Entscheidungsgründe:
In der Revisionsinstanz vor dem BFH war der Kläger hingegen erfolgreich. Der II. Senat des BFH bestätigte zwar die Auffassung des FG Münster, dass aufgrund der von der Erblasserin abgeschlossenen Sterbegeldversicherung ein Sachleistungsanspruch auf den Kläger als Erben übergegangen sei, der in Höhe der Versicherungsleistung zu einem steuerpflichtigen Erwerb nach § 10 Abs. 1 Satz 1 ErbStG geführt habe.

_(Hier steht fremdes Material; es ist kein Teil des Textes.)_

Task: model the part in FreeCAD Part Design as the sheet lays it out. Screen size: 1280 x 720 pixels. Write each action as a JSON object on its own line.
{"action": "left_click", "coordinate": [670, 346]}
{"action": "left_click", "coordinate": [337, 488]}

Entgegen der Auffassung der Vorinstanz seien jedoch die Bestattungskosten – anders als vom Finanzgericht angenommen – nicht nur in Höhe der Pauschale des § 10 Abs. 5 Nr. 3 Satz 2 ErbStG von 10.300 € abzugsfähig, sondern nach § 10 Abs. 5 Nr. 3 Satz 1 ErbStG im vollen Umfang (d.h. inklusive der Zahlung der Sterbegeldversicherung) als Nachlassverbindlichkeiten bei der Bemessung der Erbschaftsteuer steuermindernd zu berücksichtigen.

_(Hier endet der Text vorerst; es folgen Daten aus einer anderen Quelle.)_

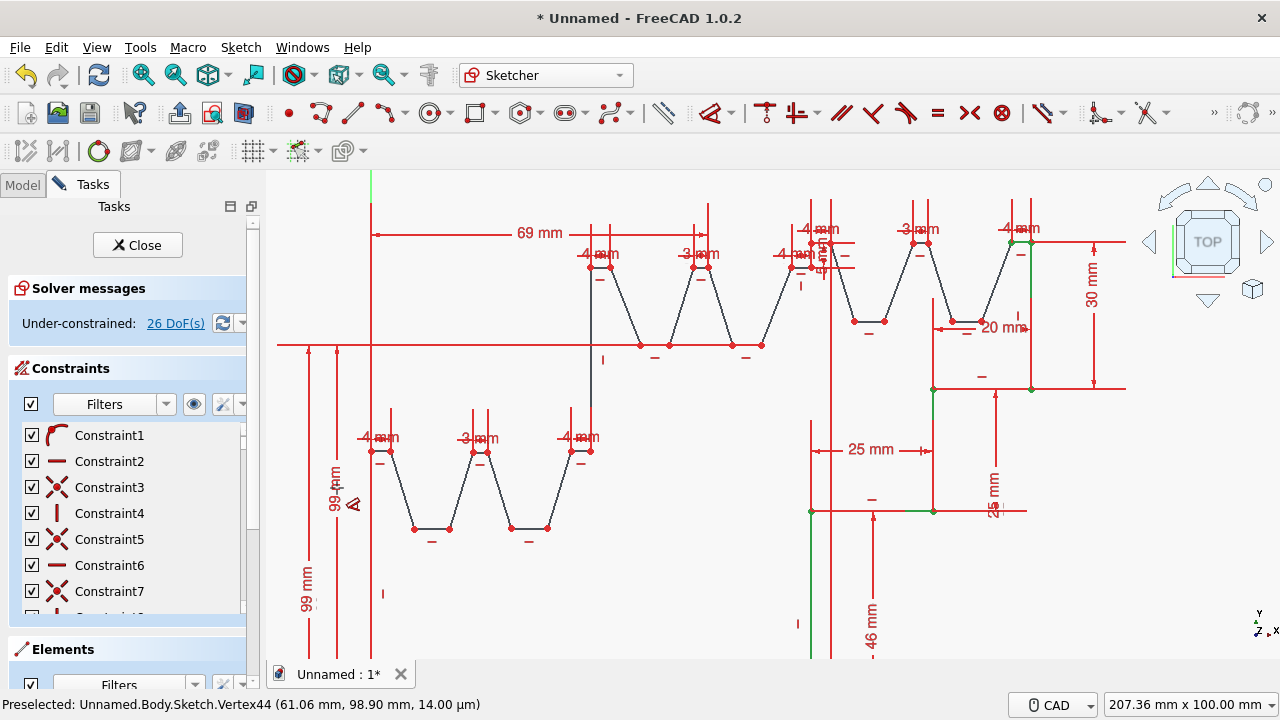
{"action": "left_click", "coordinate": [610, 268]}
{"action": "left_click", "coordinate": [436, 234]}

Der BFH verweist vor diesem Hintergrund die Sache zurück an die Vorinstanz, da die Feststellungen des FG nicht ausreichen, um die Höhe der insgesamt zu berücksichtigenden Nachlassverbindlichkeiten zu bestimmen.
Einordnung:
Die Entscheidung des BFH ist zu begrüßen. Durch den Abschluss einer Sterbegeldversicherung durch den Erblasser werden die Erben nicht finanziell belastet. Der Nachlass ist um den Wert des Sachleistungsanspruchs gegen die Versicherung zu erhöhen, wird aber als Nachlassverbindlichkeit in voller Höhe wieder abgezogen. Zutreffend weist der BFH darauf hin, dass der Fall nicht anders behandelt werden darf, als hätte den Erben ein unmittelbarer Anspruch auf Auszahlung der Versicherungsleistungen aus der Sterbegeldversicherung zugestanden oder der Erblasser zu Lebzeiten bereits eine Anzahlung an das Bestattungsunternehmen für die zu erwartenden Bestattungskosten geleistet. Auch hier wäre – korrespondierend – der Nachlass um die Leistung der Sterbegeldversicherung bzw. den Anspruch gegen das Bestattungsunternehmen zu erhöhen und in Höhe der tatsächlich entstandenen Bestattungskosten gemäß § 10 Abs. 5 Nr. 3 ErbStG zu mindern.
Praxishinweis:
Bei der erbschaftsteuerlichen Abwicklung des Nachlasses ist darauf zu achten, die Kosten im Sinne des § 10 Abs. 5 Nr. 3 Satz 1 ErbStG korrekt zu ermitteln. Liegen diese unter dem Pauschbetrag im Sinne des § 10 Abs. 5 Nr. 3 Satz 2 ErbStG in Höhe von 10.300 €, ist der Pauschbetrag ohne weitere Nachweise in Abzug zu bringen. Übersteigen die Kosten den Pauschbetrag, ist ein höherer Betrag in Abzug zu bringen. Die Kosten müssen in diesem Fall jedoch gegenüber dem Finanzamt nachgewiesen werden.
Das Urteil des BFH stärkt die Rechte der Erben und stellt sicher, dass sie nicht durch die Abtretung der Sterbegeldversicherung benachteiligt werden. Es trägt dem Grundsatz der Besteuerung nach der wirtschaftlichen Leistungsfähigkeit Rechnung.